Records contained in a dataset:
= = = = =
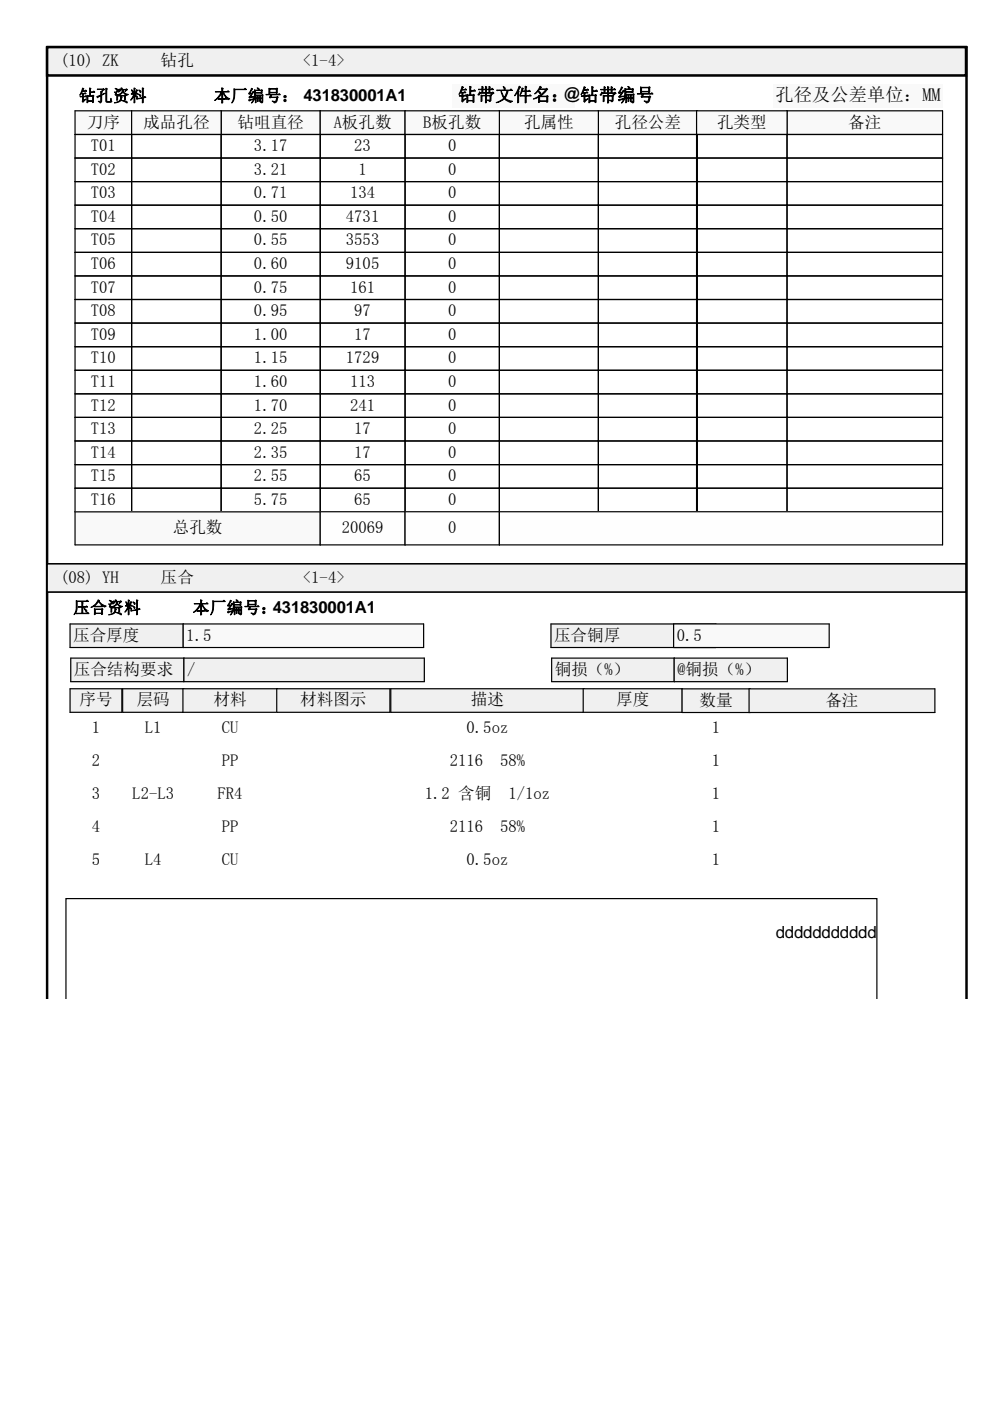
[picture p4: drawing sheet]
<svg xmlns="http://www.w3.org/2000/svg" width="210mm" height="297mm" viewBox="0 0 210 297" stroke-linecap="round" stroke-linejoin="round" font-family="sans-serif">
<defs><g id="words">
<g font-size="3.9">
<text x="97.2" y="21.4">钻带文件名：@</text>
<text x="123.1" y="21.5">钻带编号</text>
<text x="164.5" y="21.4">孔径及公差单位：MM</text>
</g>
<g font-size="3.5">
<text x="12.8" y="14">(10) ZK</text>
<text x="34.1" y="14">钻孔</text>
<text x="64.2" y="14">&lt;1-4&gt;</text>
<text x="16.8" y="21.5">钻孔资料</text>
<text x="45.4" y="21.5">本厂编号： 431830001A1</text>
<text x="18.4" y="27.1">刀序</text>
<text x="30.4" y="27.1">成品孔径</text>
<text x="50.4" y="27.1">钻咀直径</text>
<text x="70.8" y="27.1">A板孔数</text>
<text x="89.8" y="27.1">B板孔数</text>
<text x="111.1" y="27.1">孔属性</text>
<text x="130.4" y="27.1">孔径公差</text>
<text x="152.1" y="27.1">孔类型</text>
<text x="179.9" y="27.1">备注</text>
<text x="19.3" y="32">T01</text>
<text x="53.9" y="32">3.17</text>
<text x="75.1" y="32">23</text>
<text x="95" y="32">0</text>
<text x="19.3" y="37">T02</text>
<text x="53.9" y="37">3.21</text>
<text x="76" y="37">1</text>
<text x="95" y="37">0</text>
<text x="19.3" y="42">T03</text>
<text x="19.3" y="47">T04</text>
<text x="53.9" y="42">0.71</text>
<text x="53.9" y="47">0.50</text>
<text x="73.4" y="47">4731</text>
<text x="74.3" y="42">134</text>
<text x="95" y="42">0</text>
<text x="95" y="47">0</text>
<text x="19.3" y="52">T05</text>
<text x="53.9" y="52">0.55</text>
<text x="73.4" y="52">3553</text>
<text x="95" y="52">0</text>
<text x="19.3" y="57">T06</text>
<text x="53.9" y="57">0.60</text>
<text x="73.4" y="57">9105</text>
<text x="95" y="57">0</text>
<text x="19.3" y="62">T07</text>
<text x="53.9" y="62">0.75</text>
<text x="74.3" y="62">161</text>
<text x="95" y="62">0</text>
<text x="19.3" y="67">T08</text>
<text x="53.9" y="67">0.95</text>
<text x="75.1" y="67">97</text>
<text x="95" y="67">0</text>
<text x="19.3" y="72.1">T09</text>
<text x="19.3" y="77">T10</text>
<text x="53.9" y="72.1">1.00</text>
<text x="53.9" y="77">1.15</text>
<text x="73.4" y="77">1729</text>
<text x="75.1" y="72.1">17</text>
<text x="95" y="72.1">0</text>
<text x="95" y="77">0</text>
<text x="19.3" y="82">T11</text>
<text x="53.9" y="82">1.60</text>
<text x="74.3" y="82">113</text>
<text x="95" y="82">0</text>
<text x="19.3" y="87">T12</text>
<text x="53.9" y="87">1.70</text>
<text x="74.3" y="87">241</text>
<text x="95" y="87">0</text>
<text x="19.3" y="92">T13</text>
<text x="53.9" y="92">2.25</text>
<text x="75.1" y="92">17</text>
<text x="95" y="92">0</text>
<text x="19.3" y="97">T14</text>
<text x="53.9" y="97">2.35</text>
<text x="75.1" y="97">17</text>
<text x="95" y="97">0</text>
<text x="19.3" y="102">T15</text>
<text x="19.3" y="107">T16</text>
<text x="53.9" y="102">2.55</text>
<text x="53.9" y="107">5.75</text>
<text x="75.1" y="102">65</text>
<text x="75.1" y="107">65</text>
<text x="95" y="102">0</text>
<text x="95" y="107">0</text>
<text x="36.7" y="113.1">总孔数</text>
<text x="72.5" y="113.1">20069</text>
<text x="95" y="113.1">0</text>
<text x="12.8" y="123.6">(08) YH</text>
<text x="34.1" y="123.6">压合</text>
<text x="64.2" y="123.6">&lt;1-4&gt;</text>
<text x="15.5" y="130">压合资料</text>
<text x="40.9" y="130">本厂编号：431830001A1</text>
<text x="15.5" y="135.8">压合厚度</text>
<text x="39.5" y="135.8">1.5</text>
<text x="117.5" y="135.8">压合铜厚</text>
<text x="143.5" y="135.8">0.5</text>
<text x="15.7" y="143.1">压合结构要求</text>
<text x="39.7" y="143.1">/</text>
<text x="117.7" y="143.1">铜损（%）</text>
<text x="143.7" y="143.1">@铜损（%）</text>
<text x="16.8" y="149.6">序号</text>
<text x="29" y="149.6">层码</text>
<text x="45.3" y="149.6">材料</text>
<text x="63.7" y="149.6">材料图示</text>
<text x="99.9" y="149.6">描述</text>
<text x="130.7" y="149.6">厚度</text>
<text x="148.4" y="149.6">数量</text>
<text x="175.1" y="149.6">备注</text>
<text x="19.5" y="155.3">1</text>
<text x="30.7" y="155.3">L1</text>
<text x="47" y="155.3">CU</text>
<text x="99" y="155.3">0.5oz</text>
<text x="151" y="155.3">1</text>
<text x="19.5" y="162.3">2</text>
<text x="47" y="162.3">PP</text>
<text x="95.4" y="162.3">2116</text>
<text x="106.1" y="162.3">58%</text>
<text x="151" y="162.3">1</text>
<text x="19.5" y="169.3">3</text>
<text x="28.1" y="169.3">L2-L3</text>
<text x="46.1" y="169.3">FR4</text>
<text x="90.1" y="169.3">1.2 含铜</text>
<text x="107.8" y="169.3">1/1oz</text>
<text x="151" y="169.3">1</text>
<text x="19.5" y="176.3">4</text>
<text x="47" y="176.3">PP</text>
<text x="95.4" y="176.3">2116</text>
<text x="106.1" y="176.3">58%</text>
<text x="151" y="176.3">1</text>
<text x="19.5" y="183.3">5</text>
<text x="30.7" y="183.3">L4</text>
<text x="47" y="183.3">CU</text>
<text x="99" y="183.3">0.5oz</text>
<text x="151" y="183.3">1</text>
<text x="164.5" y="199">ddddddddddd</text>
</g>
</g></defs>
<path d="M10 211.7v-201.7h195v201.7" fill="none" stroke="#000" stroke-width=".53"/>
<path d="M10 10h194.9v6h-194.9z" fill="#f0f0f0"/>
<path d="M10 10h194.9v6h-194.9z" fill-rule="evenodd" fill="#f0f0f0" stroke="#000" stroke-width=".53"/>
<path d="M10 10h194.9v6h-194.9z" fill="none" stroke="#000" stroke-width=".25"/>
<g fill="#f9f9f9">
<path d="M164 17.8h36v5h-36z"/>
<path d="M96 17.8h26v5h-26z"/>
<path d="M15.9 23.5h12v5h-12z"/>
</g>
<path d="M15.9 23.5h12v5h-12z" fill="none" stroke="#000" stroke-width=".25"/>
<path d="M126.9 23.5h21v5h-21z" fill="#f9f9f9"/>
<path d="M126.9 23.5h21v5h-21z" fill="none" stroke="#000" stroke-width=".25"/>
<path d="M46.9 23.5h21v5h-21z" fill="#f9f9f9"/>
<path d="M46.9 23.5h21v5h-21z" fill="none" stroke="#000" stroke-width=".25"/>
<path d="M27.9 23.5h19v5h-19z" fill="#f9f9f9"/>
<path d="M27.9 23.5h19v5h-19z" fill="none" stroke="#000" stroke-width=".25"/>
<path d="M105.9 23.5h21v5h-21z" fill="#f9f9f9"/>
<path d="M105.9 23.5h21v5h-21z" fill="none" stroke="#000" stroke-width=".25"/>
<path d="M166.9 23.5h33v5h-33z" fill="#f9f9f9"/>
<path d="M166.9 23.5h33v5h-33z" fill="none" stroke="#000" stroke-width=".25"/>
<path d="M67.9 23.5h18v5h-18z" fill="#f9f9f9"/>
<path d="M67.9 23.5h18v5h-18z" fill="none" stroke="#000" stroke-width=".25"/>
<path d="M85.9 23.5h20v5h-20z" fill="#f9f9f9"/>
<path d="M85.9 23.5h20v5h-20z" fill="none" stroke="#000" stroke-width=".25"/>
<path d="M147.7 23.5h19.2v5h-19.2z" fill="#f9f9f9"/>
<g fill="none" stroke="#000" stroke-width=".25">
<path d="M15.9 28.5h184v80h-184zM15.9 33.5h184M15.9 38.5h184M27.9 28.5v80M46.9 28.5v80M67.9 28.5v80M85.9 28.5v80M105.9 28.5v80M126.9 28.5v80M147.9 28.5v80M15.9 43.5h184M15.9 48.5h184"/>
<path d="M15.9 53.5h184M15.9 58.5h184M15.9 63.5h184M15.9 68.5h184M15.9 73.5h184M15.9 78.5h184M15.9 83.5h184M15.9 88.5h184M15.9 93.5h184M15.9 98.5h184M15.9 103.5h184M147.7 108.5v-85h19.2v85"/>
</g>
<path d="M15.9 108.5h52v7h-52z" fill="#f9f9f9"/>
<path d="M15.9 108.5h52v7h-52z" fill="none" stroke="#000" stroke-width=".25"/>
<path d="M67.9 108.5h18v7h-18z" fill="#fdffff"/>
<path d="M67.9 108.5h18v7h-18z" fill="none" stroke="#000" stroke-width=".25"/>
<path d="M85.9 108.5h20v7h-20z" fill="#fdffff"/>
<path d="M85.9 108.5h20v7h-20z" fill="none" stroke="#000" stroke-width=".25"/>
<path d="M105.9 108.5h94v7h-94z" fill="#fdffff"/>
<path d="M105.9 108.5h94v7h-94z" fill="none" stroke="#000" stroke-width=".25"/>
<path d="M10 119.5h194.9v6h-194.9z" fill="#f0f0f0"/>
<path d="M10 119.5h194.9v6h-194.9z" fill-rule="evenodd" fill="#f0f0f0" stroke="#000" stroke-width=".25"/>
<path d="M10 119.5h194.9v6h-194.9z" fill="none" stroke="#000" stroke-width=".25"/>
<path d="M14.9 132.3h24v5h-24z" fill="#f0f0f0"/>
<path d="M14.9 132.3h24v5h-24z" fill="none" stroke="#000" stroke-width=".25"/>
<path d="M38.9 132.3h51v5h-51z" fill="#f9f9f9"/>
<path d="M38.9 132.3h51v5h-51z" fill="none" stroke="#000" stroke-width=".25"/>
<path d="M116.9 132.3h34.9v5h-34.9z" fill="#f0f0f0"/>
<path d="M116.9 132.3h34.9v5h-34.9z" fill="none" stroke="#000" stroke-width=".25"/>
<path d="M142.9 132.3h33v5h-33z" fill="#f9f9f9"/>
<path d="M142.9 132.3h33v5h-33z" fill="none" stroke="#000" stroke-width=".25"/>
<path d="M15 139.5h24v5h-24z" fill="#f0f0f0"/>
<path d="M15 139.5h24v5h-24z" fill="none" stroke="#000" stroke-width=".25"/>
<path d="M117 139.5h26v5h-26z" fill="#f0f0f0"/>
<path d="M117 139.5h26v5h-26z" fill="none" stroke="#000" stroke-width=".25"/>
<path d="M39 139.5h51v5h-51z" fill="#f0f0f0"/>
<path d="M39 139.5h51v5h-51z" fill="none" stroke="#000" stroke-width=".25"/>
<path d="M143 139.5h24v5h-24z" fill="#f0f0f0"/>
<path d="M143 139.5h24v5h-24z" fill="none" stroke="#000" stroke-width=".25"/>
<path d="M14.9 146h10.9v5h-10.9z" fill="#f0f0f0"/>
<path d="M14.9 146h10.9v5h-10.9z" fill="none" stroke="#000" stroke-width=".25"/>
<path d="M26 146h13v5h-13z" fill="#f0f0f0"/>
<path d="M26 146h13v5h-13z" fill="none" stroke="#000" stroke-width=".25"/>
<path d="M38.8 146h20v5h-20z" fill="#f0f0f0"/>
<path d="M38.8 146h20v5h-20z" fill="none" stroke="#000" stroke-width=".25"/>
<path d="M82.9 146h41v5h-41z" fill="#f0f0f0"/>
<path d="M82.9 146h41v5h-41z" fill="none" stroke="#000" stroke-width=".25"/>
<path d="M123.7 146h21v5h-21z" fill="#f0f0f0"/>
<path d="M123.7 146h21v5h-21z" fill="none" stroke="#000" stroke-width=".25"/>
<path d="M58.7 146h24v5h-24z" fill="#f0f0f0"/>
<path d="M58.7 146h24v5h-24z" fill="none" stroke="#000" stroke-width=".25"/>
<path d="M144.7 146h14.4v5.1h-14.4z" fill="#f0f0f0"/>
<path d="M144.7 146h14.4v5.1h-14.4z" fill="none" stroke="#000" stroke-width=".25"/>
<path d="M158.9 146h39.4v5.1h-39.4z" fill="#f0f0f0"/>
<path d="M158.9 146h39.4v5.1h-39.4z" fill="none" stroke="#000" stroke-width=".25"/>
<g fill="#fff">
<path d="M58.6 152.6h24v5h-24z"/>
<path d="M58.6 159.6h24v5h-24z"/>
<path d="M58.6 166.6h24v5h-24z"/>
<path d="M58.6 173.6h24v5h-24z"/>
<path d="M58.6 180.6h24v5h-24z"/>
</g>
<path d="M14 211.7v-21.2h172v21.2" fill="none" stroke="#000" stroke-width=".25"/>
<g fill="#fff">
<path d="M18 193.5h36v18.2h-36z"/>
<path d="M60 193.5h48v18.2h-48z"/>
<path d="M114 193.5h49v18.2h-49z"/>
</g>
<use href="#words"/>
</svg>
= = = = =
What is being asked:
Look through the entries, and return every line that the word "本厂编号" appears in.

Expected output:
<text x="45.4" y="21.5">本厂编号： 431830001A1</text>
<text x="40.9" y="130">本厂编号：431830001A1</text>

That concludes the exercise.